Exercise description:
Look for the line that has "Answer: 4/4 What" in the material below; please repeat it and every line after it, exactly, up to and including the line that has "Answer: 130 How", and nothing else.

The data:
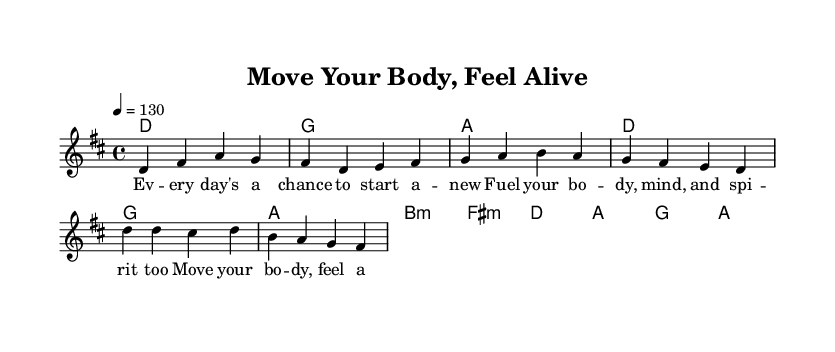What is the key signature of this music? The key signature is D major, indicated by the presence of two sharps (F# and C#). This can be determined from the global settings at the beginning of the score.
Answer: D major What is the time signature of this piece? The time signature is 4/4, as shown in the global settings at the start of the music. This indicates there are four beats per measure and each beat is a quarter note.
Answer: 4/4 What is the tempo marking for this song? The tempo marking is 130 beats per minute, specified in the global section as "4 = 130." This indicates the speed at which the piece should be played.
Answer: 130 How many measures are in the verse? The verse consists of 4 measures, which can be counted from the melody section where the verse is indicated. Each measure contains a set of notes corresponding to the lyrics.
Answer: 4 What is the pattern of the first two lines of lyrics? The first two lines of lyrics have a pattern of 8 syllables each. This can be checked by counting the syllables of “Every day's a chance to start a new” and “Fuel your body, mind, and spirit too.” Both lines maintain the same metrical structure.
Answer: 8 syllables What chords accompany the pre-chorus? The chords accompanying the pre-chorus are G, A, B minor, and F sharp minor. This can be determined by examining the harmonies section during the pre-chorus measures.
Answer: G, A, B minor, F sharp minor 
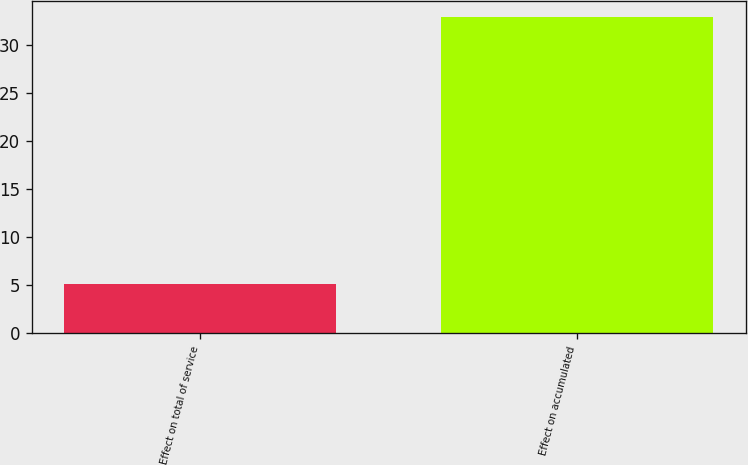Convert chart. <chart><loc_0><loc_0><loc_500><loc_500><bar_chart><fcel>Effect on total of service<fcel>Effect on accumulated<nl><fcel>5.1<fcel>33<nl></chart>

==

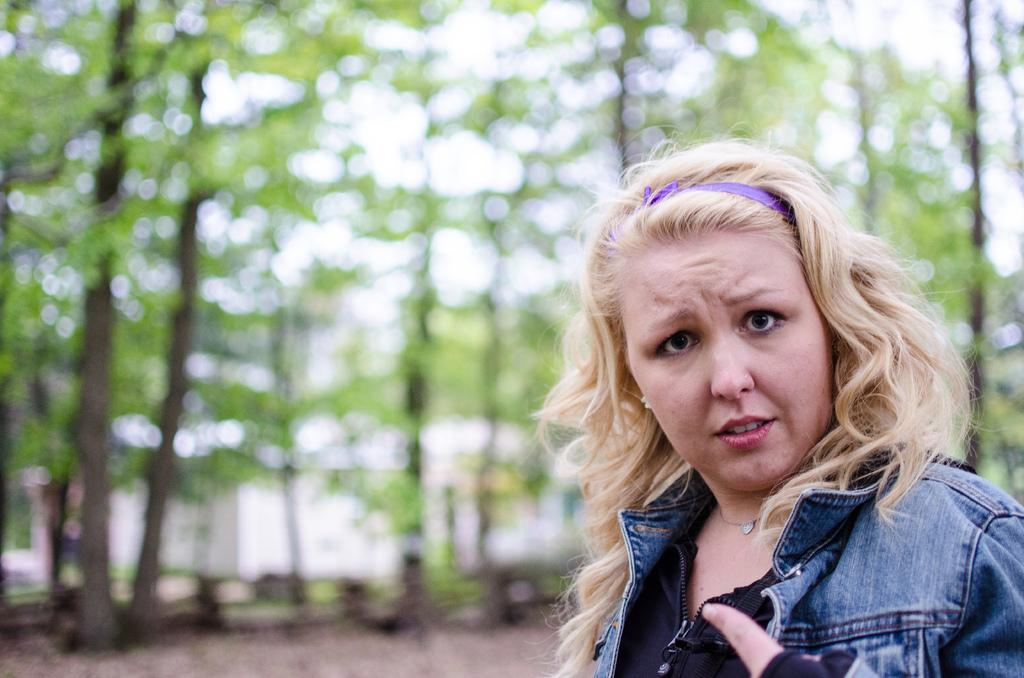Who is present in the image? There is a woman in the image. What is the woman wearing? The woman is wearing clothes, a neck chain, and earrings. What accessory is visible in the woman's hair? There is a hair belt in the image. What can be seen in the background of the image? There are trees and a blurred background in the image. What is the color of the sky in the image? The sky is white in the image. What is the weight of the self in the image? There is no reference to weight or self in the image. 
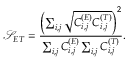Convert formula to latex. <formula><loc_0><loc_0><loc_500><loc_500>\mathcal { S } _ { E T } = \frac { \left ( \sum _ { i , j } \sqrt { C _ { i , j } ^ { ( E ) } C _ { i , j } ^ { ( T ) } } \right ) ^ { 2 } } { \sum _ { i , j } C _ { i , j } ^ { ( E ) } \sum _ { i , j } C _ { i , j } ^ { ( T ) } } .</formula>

Written answer:
Answer: 4/4 What is the tempo marking for this song? The tempo marking is 130 beats per minute, specified in the global section as "4 = 130." This indicates the speed at which the piece should be played.
Answer: 130 How many measures are in the verse? The verse consists of 4 measures, which can be counted from the melody section where the verse is indicated. Each measure contains a set of notes corresponding to the lyrics.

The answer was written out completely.